Openfst troubleshooting

A bit of openfst troubleshooting when you try to build WFST with Juicer. Say you are running


fstcompose ${OUTLEXBFSM} ${OUTGRAMBFSM} | \
fstepsnormalize | \
fstdeterminize | \
fstencode --encode_labels - $CODEX | \
fstminimize - | \
fstencode --decode - $CODEX | \
fstpush --push_weights | \
fstarcsort

and get this


FATAL: StringWeight::Plus: unequal arguments (non-functional FST?)


Huh? Which arguments are not equal? What caused this? How to fix this? Definitely it should be more self-explaining. That's basically quite a common issue. You get just a short message that nobody including the author could understand. Go find out how to fix it.

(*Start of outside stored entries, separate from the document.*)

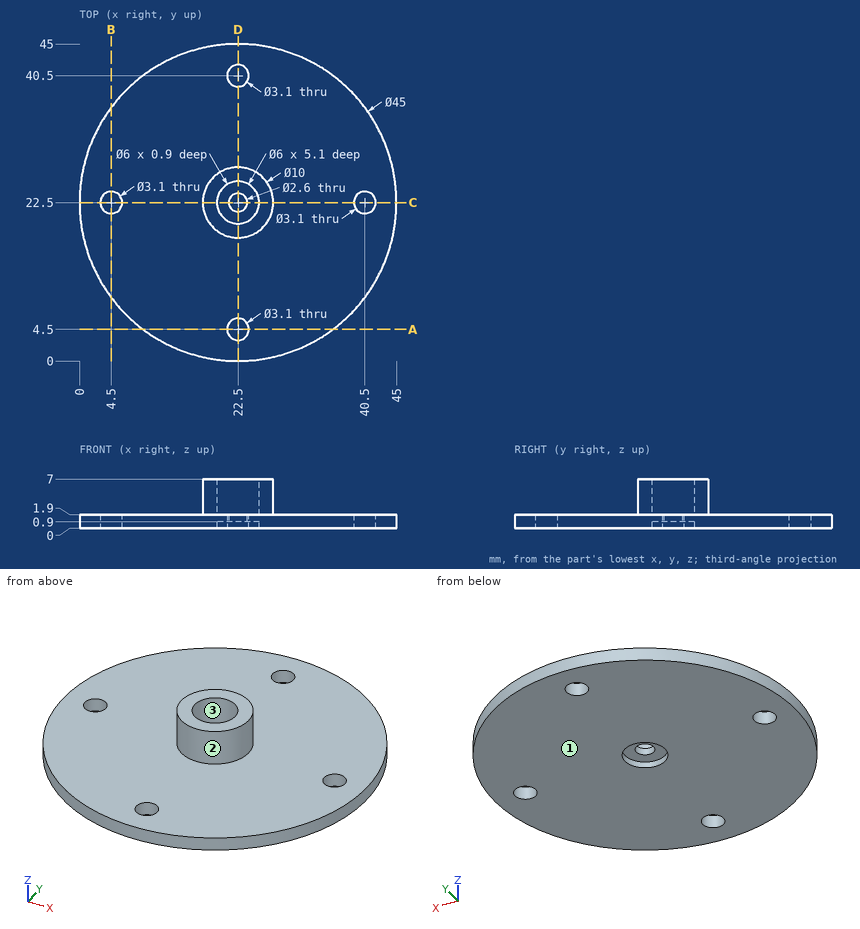
Answer from the drawing. Dimensions are ordinates in mm from the lowest x, y and z of the part. Coordinates: 2 decimals unless noted, no trailing zeros. Loops run counter-clockwise (first coordinate to the right, second up) from the corner with the lowest first, then second, coordinate; pieces in that order, holes last.
Q1. The part is cut by section A-A on y = 4.5. Write down the section's boundary in (x, z), and give its area (3 significant figures).
Q2. Consider probe 1 along Y at (x, z) = (22.5, 1.4); probe 2 along Y at (x, z) = (22.5, 0.45); probe 3 along Z at (x, y) = (7.5, 32.5). Determine where each line is inside the solid, lowest interval first.
Q3. The part is cut by section C-C on y = 22.5. Write down the section's boundary in (x, z), and give its area (3 significant figures).
Q4. Each of these flat-tipped pins is pushed along its axis until it touches: pin 1 Ø5 at (x, y) = (24, 23) entering from +Z; pin 2 Ø1.5 at (x, z) = (9, 2.5) entering from +Y; pin 3 Ø3 at (x, y) = (4.5, 22.5) entering from +Z; pin 4 Ø1 at (x, y) = (34.5, 8) entering from +Z. Where does it stop, or does it pass through?
Q5. The mould has two halves that part along X. Classify the marked faces 1, 2 and 3: +X half, -X half, draft (parallel to the pull), parting line (faces both ways), or undercut.
Results below:
1. outline: (9, 0) - (20.95, 0) - (20.95, 1.9) - (9, 1.9) - close; (24.05, 0) - (36, 0) - (36, 1.9) - (24.05, 1.9) - close
1. area: 45.4 mm2
2. probe 1: y = 0 to 2.95, 6.05 to 21.2, 23.8 to 38.95, 42.05 to 45
2. probe 2: y = 0 to 2.95, 6.05 to 19.5, 25.5 to 38.95, 42.05 to 45
2. probe 3: z = 0 to 1.9
3. outline: (0, 0) - (2.95, 0) - (2.95, 1.9) - (0, 1.9) - close; (6.05, 0) - (19.5, 0) - (19.5, 0.9) - (21.2, 0.9) - (21.2, 1.9) - (19.5, 1.9) - (19.5, 7) - (17.5, 7) - (17.5, 1.9) - (6.05, 1.9) - close; (23.8, 0.9) - (25.5, 0.9) - (25.5, 0) - (38.95, 0) - (38.95, 1.9) - (27.5, 1.9) - (27.5, 7) - (25.5, 7) - (25.5, 1.9) - (23.8, 1.9) - close; (42.05, 0) - (45, 0) - (45, 1.9) - (42.05, 1.9) - close
3. area: 86.1 mm2
4. pin 1: stops at z = 7
4. pin 2: stops at y = 40.83
4. pin 3: passes through
4. pin 4: stops at z = 1.9
5. face 1: draft
5. face 2: parting line
5. face 3: undercut

In this particular case you go to the openfst sources and change the following line:


  if (w1 != w2)
    LOG(FATAL) << "StringWeight::Plus: unequal arguments "
               << "(non-functional FST?) " << w1 << " " << w2;

Wait another half an hour for it to compile (who decided to make it with pure templates!). See that it outputs arguments now at least. You run again and get

FATAL: StringWeight::Plus: unequal arguments (non-functional FST?) 833_9 832_9

Heh, also not very descriptive but at least some hint. Looking on the output states 833 and 832 you see
that they have identical pronunciation. That's it. Your dictionary shouldn't have identical pronunciation. Moreover, it shouldn't have identically pronounced trigrams. Things pronounced like "a b cd" vs "ab c d" make wfst non-deterministic. Why didn't it warn about the issue when it converted the dictionary? Who knows. Anyway, now you can read about lexgen and find the option to fight with identical pronunciation:

  -outputAuxPhones           -> indicates that auxiliary phones should be added to pronunciationsin the lexicon in order to disambiguate distinct words withidentical pronunciations 

This option should make things better.

I must admit CMUSphinx is also full of this. Bad error messages which doesn't describe the problem nor hint the solution. Compare too the output of recent maven

[ERROR] No goals have been specified for this build. You must specify a valid lifecycle phase or a goal in the format : or :[:]:. Available lifecycle phases are: validate, initialize, generate-sources, process-sources, generate-resources, process-resources, compile, process-classes, generate-test-sources, process-test-sources, generate-test-resources, process-test-resources, test-compile, process-test-classes, test, prepare-package, package, pre-integration-test, integration-test, post-integration-test, verify, install, deploy, pre-clean, clean, post-clean, pre-site, site, post-site, site-deploy. -> [Help 1]
[ERROR] 
[ERROR] To see the full stack trace of the errors, re-run Maven with the -e switch.
[ERROR] Re-run Maven using the -X switch to enable full debug logging.
[ERROR]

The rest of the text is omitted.